Department of Biostatistics, Harvard T.H. Chan School of Public Health, Boston, Massachusetts.
Department of Statistics and Data Sciences, University of Texas, Austin, Texas.
Biometrics. 2022 Jun;78(2):730-741. doi: 10.1111/biom.13436. Epub 2021 Feb 16.
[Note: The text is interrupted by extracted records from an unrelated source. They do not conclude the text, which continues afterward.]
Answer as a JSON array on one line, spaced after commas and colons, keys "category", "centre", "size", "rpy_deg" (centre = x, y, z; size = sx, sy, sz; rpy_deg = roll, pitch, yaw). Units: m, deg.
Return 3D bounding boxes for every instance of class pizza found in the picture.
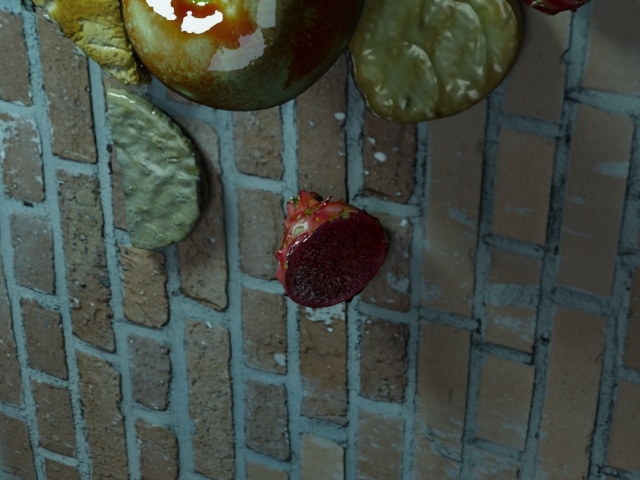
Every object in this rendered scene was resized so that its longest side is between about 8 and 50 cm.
[{"category": "pizza", "centre": [-0.250, -0.270, 2.004], "size": [0.154, 0.069, 0.194], "rpy_deg": [-8, 128, 33]}]

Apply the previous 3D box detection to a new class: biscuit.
[{"category": "biscuit", "centre": [-0.204, -0.082, 2.152], "size": [0.133, 0.032, 0.250], "rpy_deg": [12, 130, 21]}, {"category": "biscuit", "centre": [0.115, -0.228, 1.856], "size": [0.203, 0.041, 0.260], "rpy_deg": [30, 135, 0]}]

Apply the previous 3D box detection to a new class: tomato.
[{"category": "tomato", "centre": [-0.074, -0.274, 1.786], "size": [0.270, 0.222, 0.270], "rpy_deg": [4, 98, 28]}]

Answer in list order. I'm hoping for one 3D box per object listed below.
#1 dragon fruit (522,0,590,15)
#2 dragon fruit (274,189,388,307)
[{"category": "dragon fruit", "centre": [0.260, -0.301, 1.680], "size": [0.094, 0.094, 0.190], "rpy_deg": [37, 128, -3]}, {"category": "dragon fruit", "centre": [0.000, 0.000, 2.069], "size": [0.111, 0.153, 0.153], "rpy_deg": [-123, 28, -43]}]

Bayesian causal inference offers a principled approach to policy evaluation of proposed interventions on mediators or time-varying exposures. Building on the Bayesian g-formula method introduced by Keil et al., we outline a general approach for the estimation of population-level causal quantities involving dynamic and stochastic treatment regimes, including regimes related to mediation estimands such as natural direct and indirect effects. We further extend this approach to propose a Bayesian data fusion (BDF), an algorithm for performing probabilistic sensitivity analysis when a confounder unmeasured in a primary data set is available in an external data source. When the relevant relationships are causally transportable between the two source populations, BDF corrects confounding bias and supports causal inference and decision-making within the main study population without sharing of the individual-level external data set. We present results from a simulation study comparing BDF to two common frequentist correction methods for unmeasured mediator-outcome confounding bias in the mediation setting. We use these methods to analyze data on the role of stage at cancer diagnosis in contributing to Black-White colorectal cancer survival disparities.
贝叶斯因果推断为评估拟议干预措施对中介或时变暴露的政策提供了一种原则性方法。基于 Keil 等人引入的贝叶斯 g 公式方法,我们概述了一种用于估计涉及动态和随机治疗方案的人群水平因果量的一般方法,包括与中介估计量相关的方案,如自然直接和间接效应。我们进一步扩展了这种方法,提出了一种贝叶斯数据融合 (BDF),这是一种当主要数据集未测量混杂因素在外部数据源中可用时执行概率敏感性分析的算法。当两个源人群之间的相关关系可以因果传递时,BDF 可以纠正混杂偏差,并在主要研究人群中支持因果推断和决策,而无需共享外部数据集的个体层面信息。我们从一项模拟研究中展示了结果,该研究将 BDF 与两种常见的在中介设置中纠正未测量中介-结局混杂偏差的频率派校正方法进行了比较。我们使用这些方法来分析癌症诊断阶段在导致黑人和白人结直肠癌生存差异中的作用的数据。